> EXERCISE OBJECTIVE: For each line below that contains the string "order", copy that line.

###

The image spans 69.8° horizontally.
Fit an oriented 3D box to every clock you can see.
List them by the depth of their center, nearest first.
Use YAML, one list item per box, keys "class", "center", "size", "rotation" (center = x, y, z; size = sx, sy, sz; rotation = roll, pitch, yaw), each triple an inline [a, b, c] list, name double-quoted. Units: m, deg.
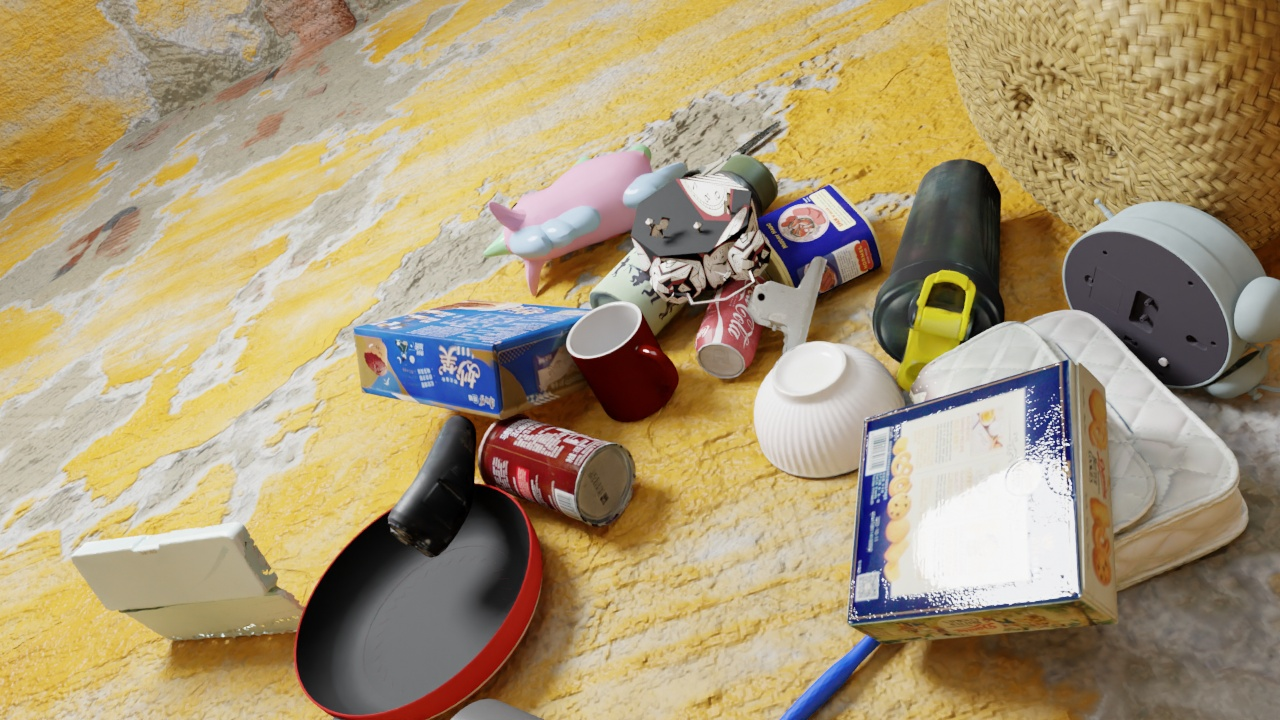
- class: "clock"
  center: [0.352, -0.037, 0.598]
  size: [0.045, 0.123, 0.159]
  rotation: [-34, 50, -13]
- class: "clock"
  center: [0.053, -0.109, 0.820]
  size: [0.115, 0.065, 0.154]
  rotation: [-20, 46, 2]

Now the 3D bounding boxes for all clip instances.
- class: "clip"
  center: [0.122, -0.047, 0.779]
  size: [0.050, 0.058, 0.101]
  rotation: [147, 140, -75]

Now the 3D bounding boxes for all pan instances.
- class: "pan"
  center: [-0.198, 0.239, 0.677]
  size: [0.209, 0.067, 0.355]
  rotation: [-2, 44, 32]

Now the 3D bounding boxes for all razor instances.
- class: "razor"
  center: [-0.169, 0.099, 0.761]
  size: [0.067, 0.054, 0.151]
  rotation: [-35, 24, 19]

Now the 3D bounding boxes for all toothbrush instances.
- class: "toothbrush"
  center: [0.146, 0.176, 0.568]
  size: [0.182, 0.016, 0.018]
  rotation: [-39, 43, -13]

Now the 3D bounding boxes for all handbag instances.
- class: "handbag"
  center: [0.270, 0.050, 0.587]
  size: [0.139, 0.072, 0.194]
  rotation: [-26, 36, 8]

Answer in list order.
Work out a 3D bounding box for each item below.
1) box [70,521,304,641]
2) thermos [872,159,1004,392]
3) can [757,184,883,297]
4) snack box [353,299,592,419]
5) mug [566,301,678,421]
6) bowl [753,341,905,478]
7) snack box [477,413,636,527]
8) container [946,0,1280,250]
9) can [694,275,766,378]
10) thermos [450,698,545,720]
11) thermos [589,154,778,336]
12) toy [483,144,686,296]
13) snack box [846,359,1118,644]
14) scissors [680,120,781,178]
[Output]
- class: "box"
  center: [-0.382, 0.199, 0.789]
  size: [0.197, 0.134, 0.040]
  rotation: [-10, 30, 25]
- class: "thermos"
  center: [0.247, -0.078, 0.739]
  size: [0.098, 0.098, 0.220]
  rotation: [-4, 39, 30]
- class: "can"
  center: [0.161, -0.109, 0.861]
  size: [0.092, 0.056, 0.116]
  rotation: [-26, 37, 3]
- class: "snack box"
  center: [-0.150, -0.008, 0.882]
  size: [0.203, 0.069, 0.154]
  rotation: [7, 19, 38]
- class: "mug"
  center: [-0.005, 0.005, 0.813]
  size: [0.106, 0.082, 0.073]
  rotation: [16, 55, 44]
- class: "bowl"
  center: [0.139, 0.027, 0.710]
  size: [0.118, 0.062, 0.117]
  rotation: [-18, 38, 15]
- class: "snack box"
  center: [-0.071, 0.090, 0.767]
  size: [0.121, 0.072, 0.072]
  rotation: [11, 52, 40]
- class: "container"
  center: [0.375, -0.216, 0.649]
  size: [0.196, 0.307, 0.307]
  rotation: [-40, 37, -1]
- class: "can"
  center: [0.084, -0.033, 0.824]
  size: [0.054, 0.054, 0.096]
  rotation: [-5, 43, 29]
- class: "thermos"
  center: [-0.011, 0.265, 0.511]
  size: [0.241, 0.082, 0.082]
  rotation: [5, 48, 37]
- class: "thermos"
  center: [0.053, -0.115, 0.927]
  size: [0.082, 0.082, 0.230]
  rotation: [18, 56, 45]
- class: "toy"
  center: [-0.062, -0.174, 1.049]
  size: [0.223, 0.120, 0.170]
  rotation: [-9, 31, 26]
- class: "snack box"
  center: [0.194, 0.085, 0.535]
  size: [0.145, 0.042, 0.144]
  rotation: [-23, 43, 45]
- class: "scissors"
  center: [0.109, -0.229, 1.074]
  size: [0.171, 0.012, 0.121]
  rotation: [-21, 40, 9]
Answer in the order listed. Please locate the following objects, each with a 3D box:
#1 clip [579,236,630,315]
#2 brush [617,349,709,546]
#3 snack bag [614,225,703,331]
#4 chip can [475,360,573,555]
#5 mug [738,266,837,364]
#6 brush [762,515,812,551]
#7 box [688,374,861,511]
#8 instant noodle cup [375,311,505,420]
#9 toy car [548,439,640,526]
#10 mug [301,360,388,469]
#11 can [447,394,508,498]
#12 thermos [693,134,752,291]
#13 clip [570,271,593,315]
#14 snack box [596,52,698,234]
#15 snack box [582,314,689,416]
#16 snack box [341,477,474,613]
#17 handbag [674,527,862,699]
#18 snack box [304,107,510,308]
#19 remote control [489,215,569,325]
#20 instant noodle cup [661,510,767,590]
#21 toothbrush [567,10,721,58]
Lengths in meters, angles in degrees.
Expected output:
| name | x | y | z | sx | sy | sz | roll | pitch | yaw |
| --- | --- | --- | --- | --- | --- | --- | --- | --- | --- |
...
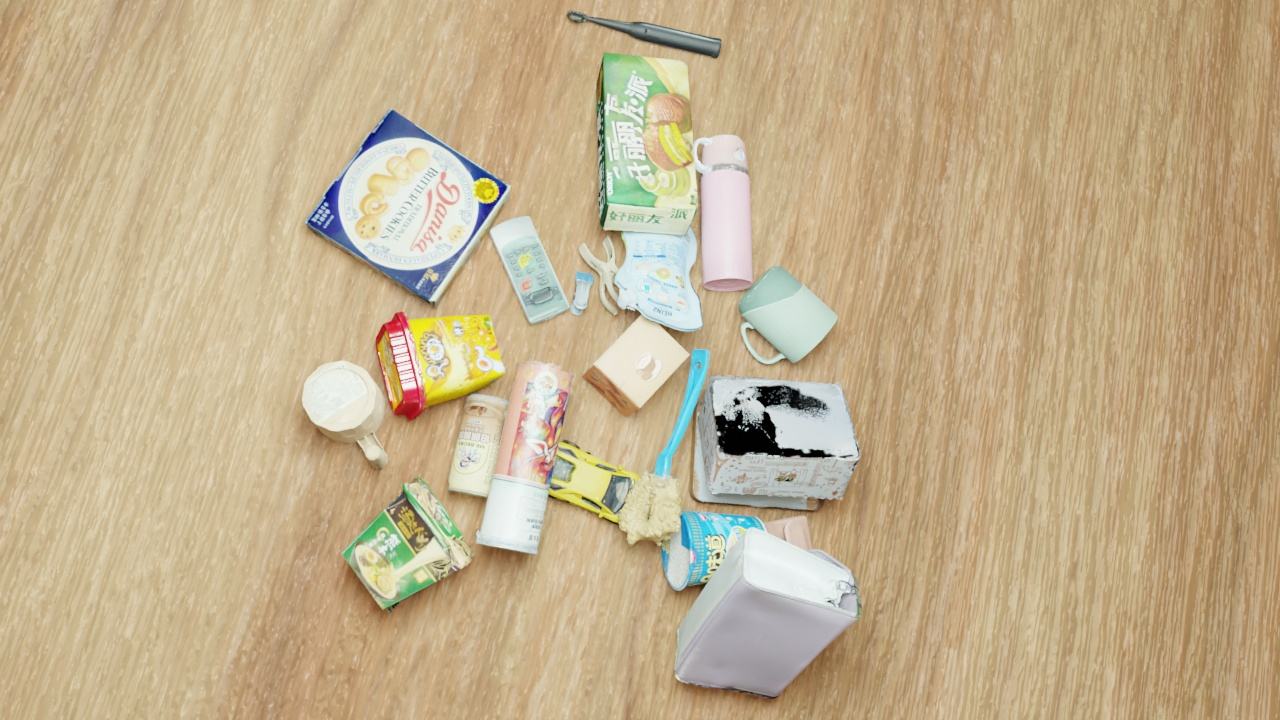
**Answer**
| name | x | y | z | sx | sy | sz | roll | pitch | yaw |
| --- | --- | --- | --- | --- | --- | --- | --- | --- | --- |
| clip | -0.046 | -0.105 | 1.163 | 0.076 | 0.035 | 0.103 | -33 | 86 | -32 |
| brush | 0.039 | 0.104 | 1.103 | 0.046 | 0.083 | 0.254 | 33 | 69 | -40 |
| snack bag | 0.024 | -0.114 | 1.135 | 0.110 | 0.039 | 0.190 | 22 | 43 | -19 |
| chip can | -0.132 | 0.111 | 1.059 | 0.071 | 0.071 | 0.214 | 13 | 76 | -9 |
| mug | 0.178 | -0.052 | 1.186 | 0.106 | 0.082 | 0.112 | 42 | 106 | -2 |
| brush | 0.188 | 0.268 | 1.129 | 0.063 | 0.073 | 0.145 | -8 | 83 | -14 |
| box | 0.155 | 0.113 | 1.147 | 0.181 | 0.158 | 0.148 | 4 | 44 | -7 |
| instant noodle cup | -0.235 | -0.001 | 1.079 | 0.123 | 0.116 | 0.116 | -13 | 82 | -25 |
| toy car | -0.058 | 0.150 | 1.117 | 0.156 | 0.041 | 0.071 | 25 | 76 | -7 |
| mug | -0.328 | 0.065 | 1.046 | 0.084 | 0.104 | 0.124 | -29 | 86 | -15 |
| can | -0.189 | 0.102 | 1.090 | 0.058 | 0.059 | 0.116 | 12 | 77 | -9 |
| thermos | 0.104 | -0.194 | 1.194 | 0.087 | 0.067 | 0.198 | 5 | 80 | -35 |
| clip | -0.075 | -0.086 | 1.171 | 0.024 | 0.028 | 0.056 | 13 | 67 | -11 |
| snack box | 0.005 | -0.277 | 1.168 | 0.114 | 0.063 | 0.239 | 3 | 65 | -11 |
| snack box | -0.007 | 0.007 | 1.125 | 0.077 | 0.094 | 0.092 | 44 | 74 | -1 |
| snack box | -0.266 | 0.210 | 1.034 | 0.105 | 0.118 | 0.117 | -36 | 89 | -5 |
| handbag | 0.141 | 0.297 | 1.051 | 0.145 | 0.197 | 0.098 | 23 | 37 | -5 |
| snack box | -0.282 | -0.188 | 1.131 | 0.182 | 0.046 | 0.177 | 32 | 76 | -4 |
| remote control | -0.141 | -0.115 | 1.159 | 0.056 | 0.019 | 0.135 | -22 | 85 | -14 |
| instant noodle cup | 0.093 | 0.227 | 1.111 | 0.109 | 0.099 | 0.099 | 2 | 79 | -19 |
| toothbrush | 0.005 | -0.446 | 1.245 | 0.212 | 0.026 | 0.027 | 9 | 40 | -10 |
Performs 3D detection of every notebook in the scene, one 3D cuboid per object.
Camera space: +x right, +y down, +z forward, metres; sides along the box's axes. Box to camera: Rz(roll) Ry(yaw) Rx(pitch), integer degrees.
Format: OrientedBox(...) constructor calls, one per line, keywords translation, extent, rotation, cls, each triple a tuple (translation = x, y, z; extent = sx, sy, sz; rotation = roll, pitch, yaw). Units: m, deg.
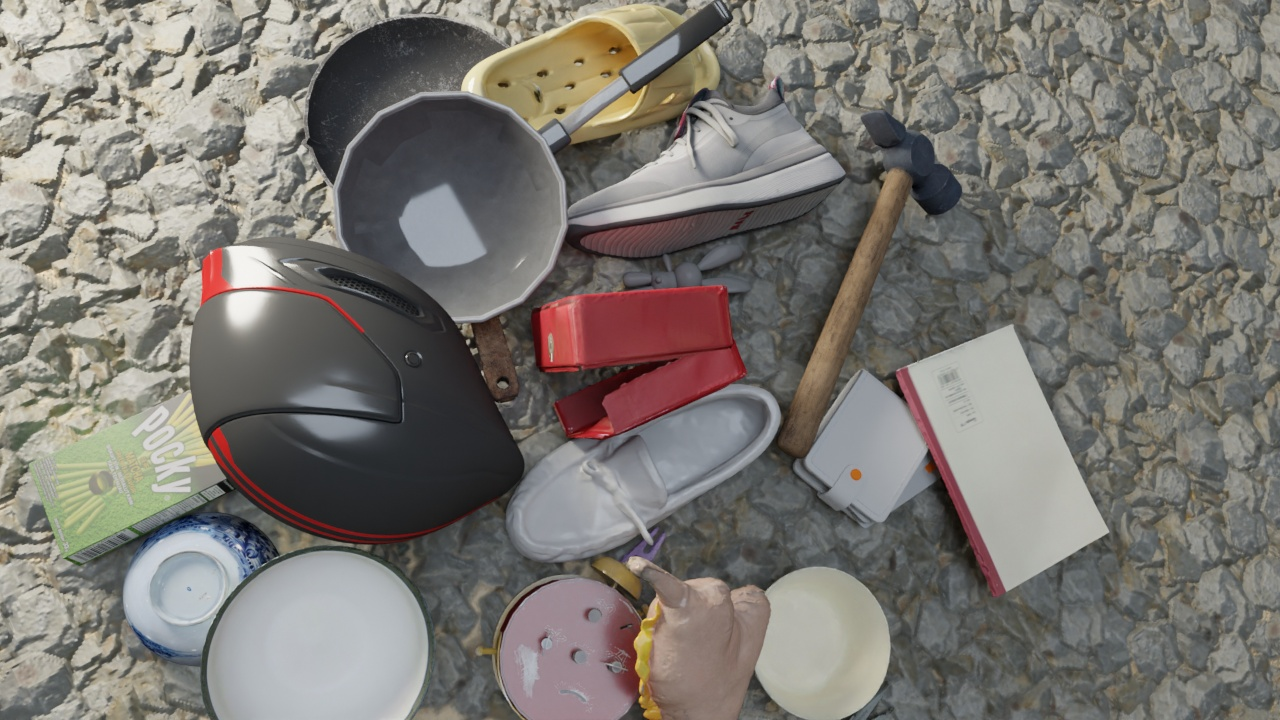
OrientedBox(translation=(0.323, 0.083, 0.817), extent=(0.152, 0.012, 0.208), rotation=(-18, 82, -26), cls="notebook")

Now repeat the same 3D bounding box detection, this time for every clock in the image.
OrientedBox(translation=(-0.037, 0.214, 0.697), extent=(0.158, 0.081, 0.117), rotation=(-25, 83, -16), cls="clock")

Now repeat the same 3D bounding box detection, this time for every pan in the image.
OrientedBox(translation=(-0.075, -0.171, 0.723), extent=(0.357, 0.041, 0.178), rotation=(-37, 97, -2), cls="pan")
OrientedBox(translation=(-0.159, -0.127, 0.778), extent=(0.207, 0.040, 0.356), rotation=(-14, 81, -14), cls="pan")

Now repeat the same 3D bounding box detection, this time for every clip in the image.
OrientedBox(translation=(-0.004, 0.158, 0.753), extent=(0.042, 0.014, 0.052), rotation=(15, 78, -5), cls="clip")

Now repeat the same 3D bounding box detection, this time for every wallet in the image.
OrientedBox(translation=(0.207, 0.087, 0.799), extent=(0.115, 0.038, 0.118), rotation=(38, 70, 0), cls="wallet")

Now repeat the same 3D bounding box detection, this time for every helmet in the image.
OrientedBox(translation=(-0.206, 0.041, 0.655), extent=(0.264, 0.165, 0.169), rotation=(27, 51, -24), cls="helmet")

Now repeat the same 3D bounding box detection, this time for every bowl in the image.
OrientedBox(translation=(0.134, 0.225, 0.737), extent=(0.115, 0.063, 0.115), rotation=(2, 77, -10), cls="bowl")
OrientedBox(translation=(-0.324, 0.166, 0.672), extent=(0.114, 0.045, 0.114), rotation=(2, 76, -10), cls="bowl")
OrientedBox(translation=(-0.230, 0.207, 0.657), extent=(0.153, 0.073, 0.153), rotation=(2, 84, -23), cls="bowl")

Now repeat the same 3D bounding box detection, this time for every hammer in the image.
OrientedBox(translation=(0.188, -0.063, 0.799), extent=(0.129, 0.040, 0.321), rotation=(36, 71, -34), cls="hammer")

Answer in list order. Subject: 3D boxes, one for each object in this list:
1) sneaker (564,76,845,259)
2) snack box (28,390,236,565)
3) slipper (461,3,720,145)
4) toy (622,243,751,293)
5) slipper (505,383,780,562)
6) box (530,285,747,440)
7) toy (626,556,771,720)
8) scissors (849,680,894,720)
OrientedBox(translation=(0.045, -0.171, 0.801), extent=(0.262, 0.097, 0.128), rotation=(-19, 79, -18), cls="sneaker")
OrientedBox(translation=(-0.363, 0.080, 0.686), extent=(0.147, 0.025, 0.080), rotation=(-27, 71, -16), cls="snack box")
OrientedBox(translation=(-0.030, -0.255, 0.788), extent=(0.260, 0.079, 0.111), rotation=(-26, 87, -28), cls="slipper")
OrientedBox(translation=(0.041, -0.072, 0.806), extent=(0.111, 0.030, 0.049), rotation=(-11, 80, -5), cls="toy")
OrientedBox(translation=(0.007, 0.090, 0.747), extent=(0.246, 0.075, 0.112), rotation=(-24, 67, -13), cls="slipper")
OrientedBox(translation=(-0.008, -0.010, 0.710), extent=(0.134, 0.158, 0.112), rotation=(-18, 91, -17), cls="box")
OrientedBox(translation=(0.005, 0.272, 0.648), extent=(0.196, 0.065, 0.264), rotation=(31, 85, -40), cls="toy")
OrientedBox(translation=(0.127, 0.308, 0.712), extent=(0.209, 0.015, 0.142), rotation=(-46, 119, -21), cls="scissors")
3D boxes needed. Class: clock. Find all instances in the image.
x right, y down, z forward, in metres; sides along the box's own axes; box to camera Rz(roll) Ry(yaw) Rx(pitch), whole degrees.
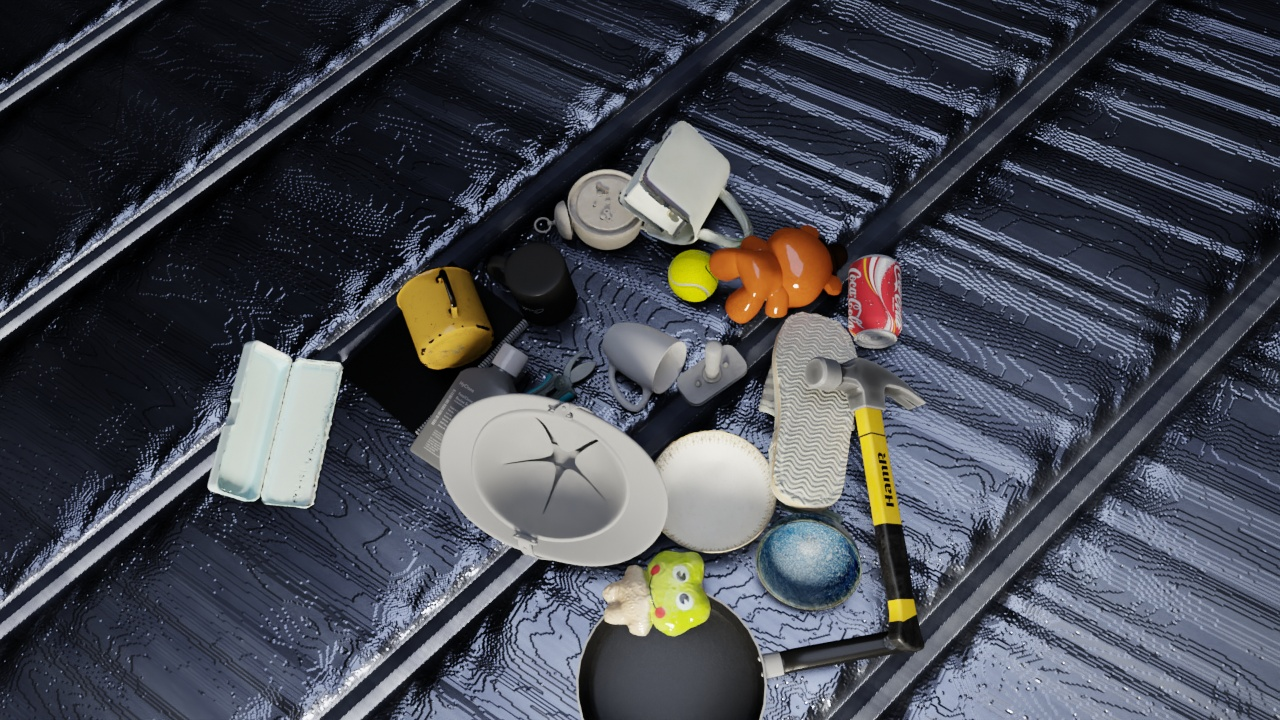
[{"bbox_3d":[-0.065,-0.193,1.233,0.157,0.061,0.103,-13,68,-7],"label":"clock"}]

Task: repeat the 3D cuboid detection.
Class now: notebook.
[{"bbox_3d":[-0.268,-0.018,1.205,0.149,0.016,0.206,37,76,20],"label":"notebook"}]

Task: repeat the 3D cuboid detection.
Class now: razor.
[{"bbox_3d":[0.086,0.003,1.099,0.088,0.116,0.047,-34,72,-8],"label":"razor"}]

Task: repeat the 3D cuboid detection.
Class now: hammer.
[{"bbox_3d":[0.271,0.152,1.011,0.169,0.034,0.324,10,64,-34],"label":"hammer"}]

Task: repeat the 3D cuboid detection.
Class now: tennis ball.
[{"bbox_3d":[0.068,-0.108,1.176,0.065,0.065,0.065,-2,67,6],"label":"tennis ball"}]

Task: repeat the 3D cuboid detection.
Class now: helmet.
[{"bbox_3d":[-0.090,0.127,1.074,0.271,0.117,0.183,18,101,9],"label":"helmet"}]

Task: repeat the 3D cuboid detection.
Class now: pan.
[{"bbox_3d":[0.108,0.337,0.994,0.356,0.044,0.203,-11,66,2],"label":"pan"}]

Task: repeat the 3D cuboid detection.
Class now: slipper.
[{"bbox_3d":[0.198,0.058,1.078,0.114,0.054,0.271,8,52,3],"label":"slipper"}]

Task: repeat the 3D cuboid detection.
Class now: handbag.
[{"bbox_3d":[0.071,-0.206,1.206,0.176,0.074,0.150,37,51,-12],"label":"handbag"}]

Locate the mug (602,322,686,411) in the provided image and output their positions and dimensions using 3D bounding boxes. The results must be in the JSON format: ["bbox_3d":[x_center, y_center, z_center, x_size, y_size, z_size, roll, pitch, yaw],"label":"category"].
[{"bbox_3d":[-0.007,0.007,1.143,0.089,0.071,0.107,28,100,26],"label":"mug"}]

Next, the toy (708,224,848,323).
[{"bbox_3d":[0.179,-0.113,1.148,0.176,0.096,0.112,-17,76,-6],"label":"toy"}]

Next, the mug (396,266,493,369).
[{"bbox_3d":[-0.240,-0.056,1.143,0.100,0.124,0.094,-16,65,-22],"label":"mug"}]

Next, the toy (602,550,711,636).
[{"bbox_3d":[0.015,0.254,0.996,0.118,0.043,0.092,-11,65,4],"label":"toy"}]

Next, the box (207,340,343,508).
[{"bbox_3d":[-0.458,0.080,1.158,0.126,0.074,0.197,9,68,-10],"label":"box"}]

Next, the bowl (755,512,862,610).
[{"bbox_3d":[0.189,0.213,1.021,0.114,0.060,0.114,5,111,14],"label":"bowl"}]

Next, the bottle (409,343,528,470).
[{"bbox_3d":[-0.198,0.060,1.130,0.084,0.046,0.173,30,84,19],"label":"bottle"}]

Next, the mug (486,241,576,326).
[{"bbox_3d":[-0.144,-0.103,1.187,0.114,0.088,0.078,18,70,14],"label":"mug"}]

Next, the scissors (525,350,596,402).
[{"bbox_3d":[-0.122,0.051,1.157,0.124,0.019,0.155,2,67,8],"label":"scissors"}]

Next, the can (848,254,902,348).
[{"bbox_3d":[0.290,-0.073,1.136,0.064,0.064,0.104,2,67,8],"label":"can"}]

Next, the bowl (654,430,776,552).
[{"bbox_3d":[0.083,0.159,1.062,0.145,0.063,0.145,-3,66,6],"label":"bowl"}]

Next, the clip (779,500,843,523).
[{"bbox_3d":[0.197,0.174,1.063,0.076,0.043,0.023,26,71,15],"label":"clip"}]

###

> SOLUTION TO THE PROBLEM:
Answer in list order.
Answer in the order listed. Please locate the following objects, each with a 3D box:
Answer in list order. Subject: 3D boxes, one for each object in this list:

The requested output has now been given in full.